Microsoft has just announced that it will release a total 11 security bulletins on Patch Tuesday, five critical and six important, but surprisingly, the rollout won’t include a fix for the recently-found zero-day TIFF flaw in Windows.
Although it was initially expected to see a fully-working patch going live on Patch Tuesday, it turns out that Microsoft needs more time to develop it, with a company official recommending users to urgently update their Adobe Reader installations.
“This release won’t include an update for the issue described in Security Advisory 2914486. We’re still working to develop a security update and we’ll release it when ready,” Dustin Childs, group manager, Response Communications, Microsoft Trustworthy Computing, said in a statement released this morning.

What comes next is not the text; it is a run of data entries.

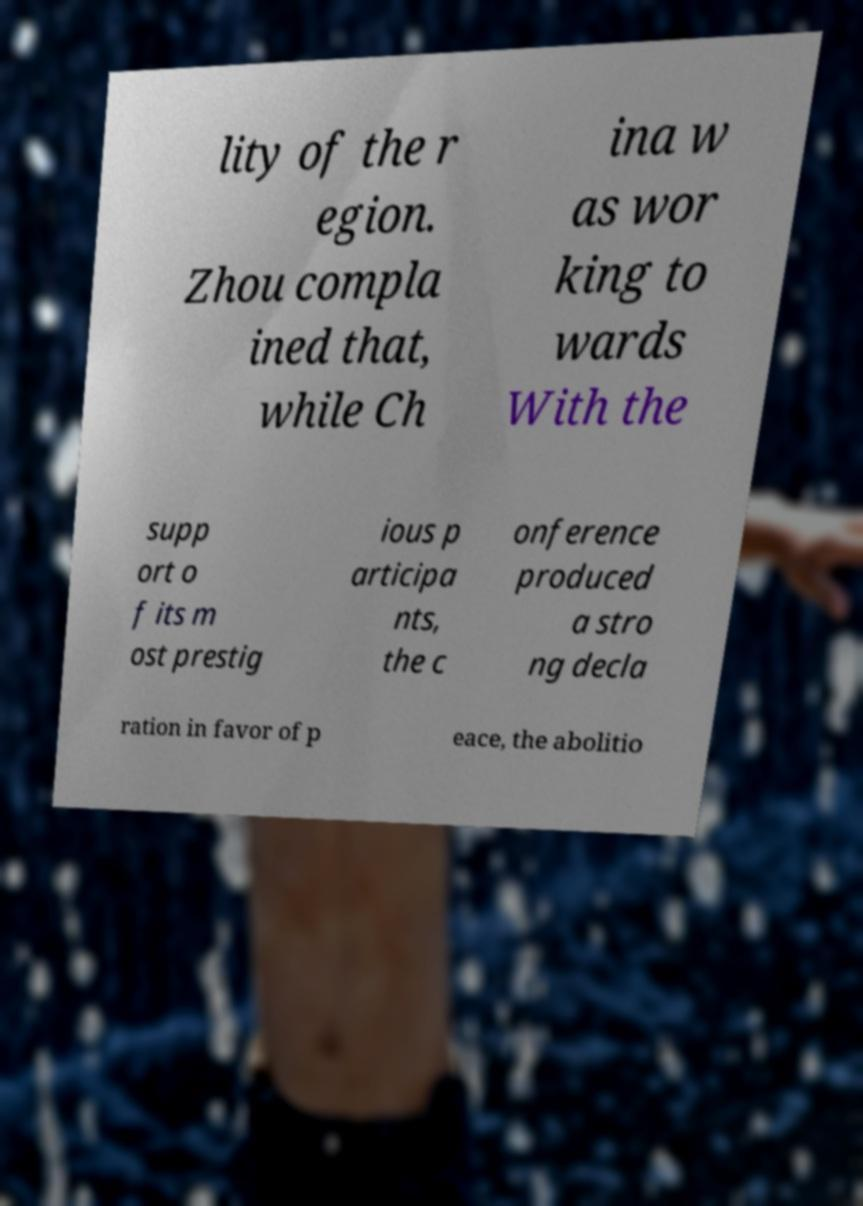Please read and relay the text visible in this image. What does it say? lity of the r egion. Zhou compla ined that, while Ch ina w as wor king to wards With the supp ort o f its m ost prestig ious p articipa nts, the c onference produced a stro ng decla ration in favor of p eace, the abolitio 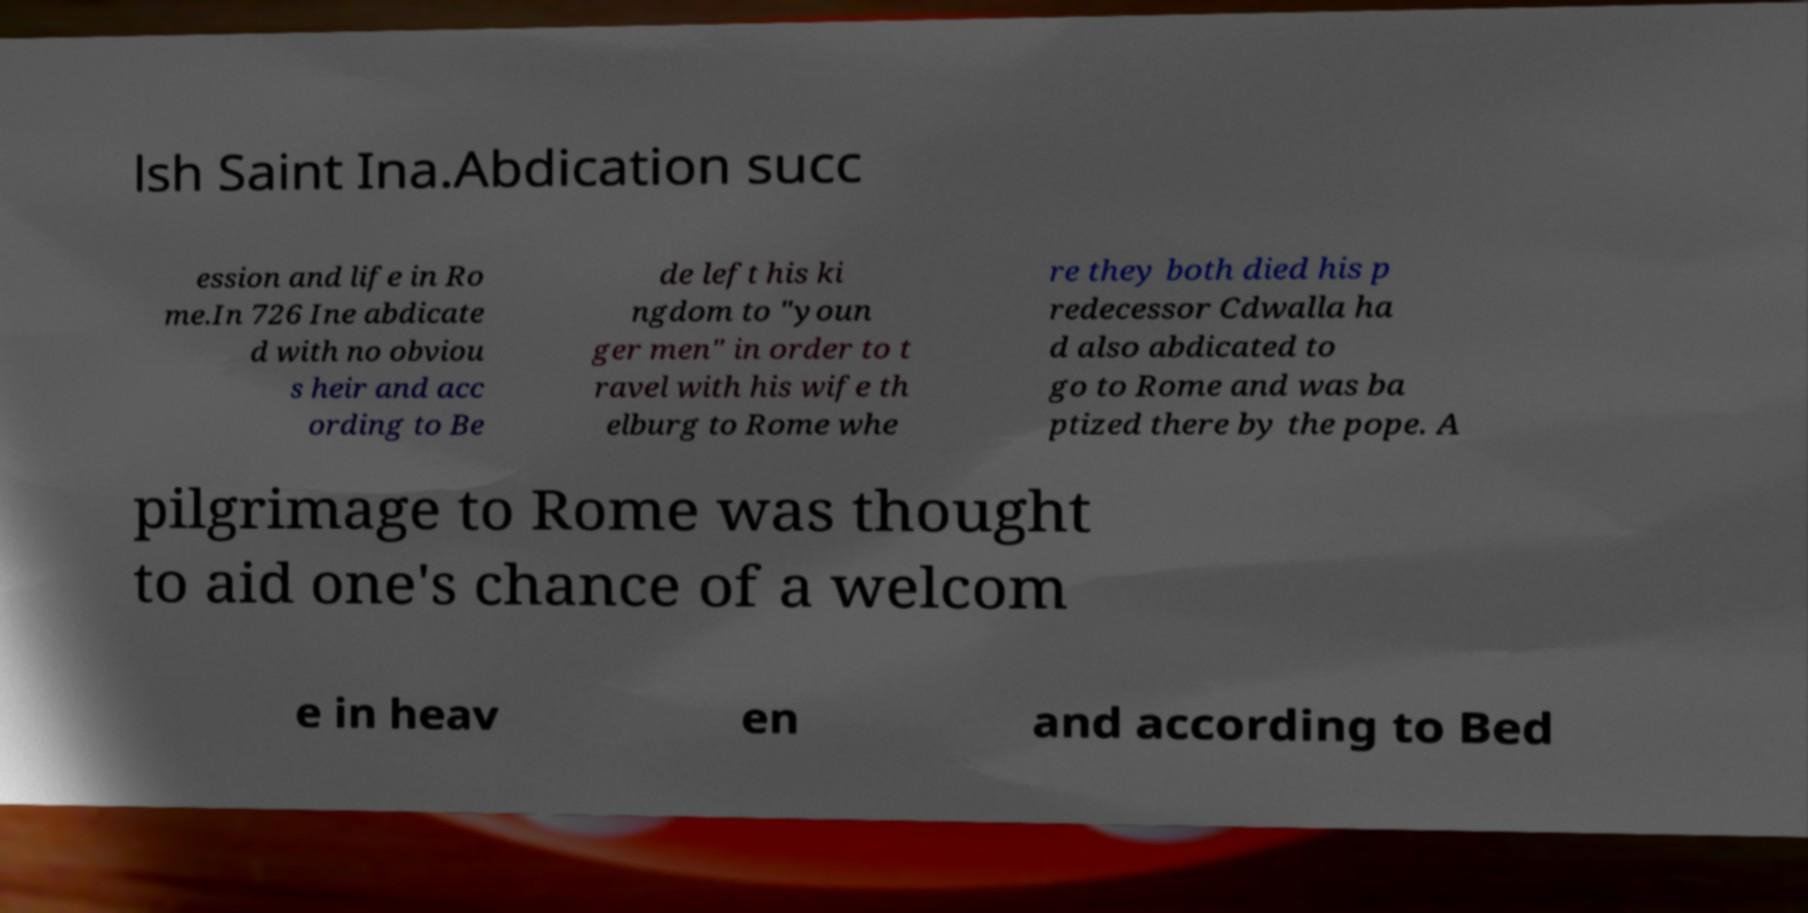Please identify and transcribe the text found in this image. lsh Saint Ina.Abdication succ ession and life in Ro me.In 726 Ine abdicate d with no obviou s heir and acc ording to Be de left his ki ngdom to "youn ger men" in order to t ravel with his wife th elburg to Rome whe re they both died his p redecessor Cdwalla ha d also abdicated to go to Rome and was ba ptized there by the pope. A pilgrimage to Rome was thought to aid one's chance of a welcom e in heav en and according to Bed 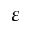<formula> <loc_0><loc_0><loc_500><loc_500>\varepsilon</formula> 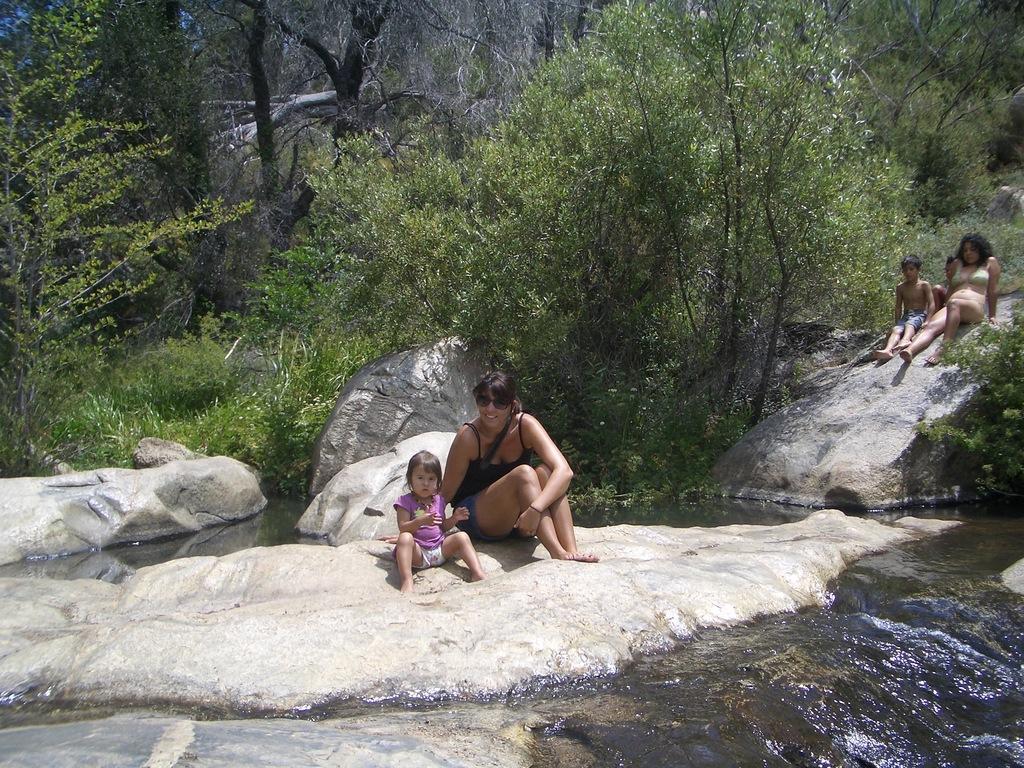Could you give a brief overview of what you see in this image? In this image I can see few people sitting on the rocks. I can see one person wearing the goggles. To the side of these people I can see the water and many trees.

“Until then, we recommend folks review the advisory and apply the suggested workaround on their Windows XP and Windows Server 2003 systems. Customers with more recent versions of Windows are not affected by this issue.”
Wolfgang Kandek, CTO, Qualys, also said that users who are running the latest version of Adobe Reader or a newer edition of Windows, including 7, 8, or 8.1, are not affected by the flaw.
“Microsoft has consistently pointed out that the additional security toolkit EMET (Enhanced Mitigation Experience Toolkit) has been effective against all of the 0-day problems this year,” he said.
“We believe it is a proactive security measure that organizations should evaluate and consider as an additional layer in their defensive measures. EMET is a free tool by Microsoft and in the last year has significantly matured in terms of manageability and deployability.”
All Patch Tuesday fixes will be delivered via Windows Update on Tuesday, so keep your computer connected to the Internet to make sure that you download and install them as soon as possible. Some of the updates will require a computer reboot, so make sure you save your work before anything else.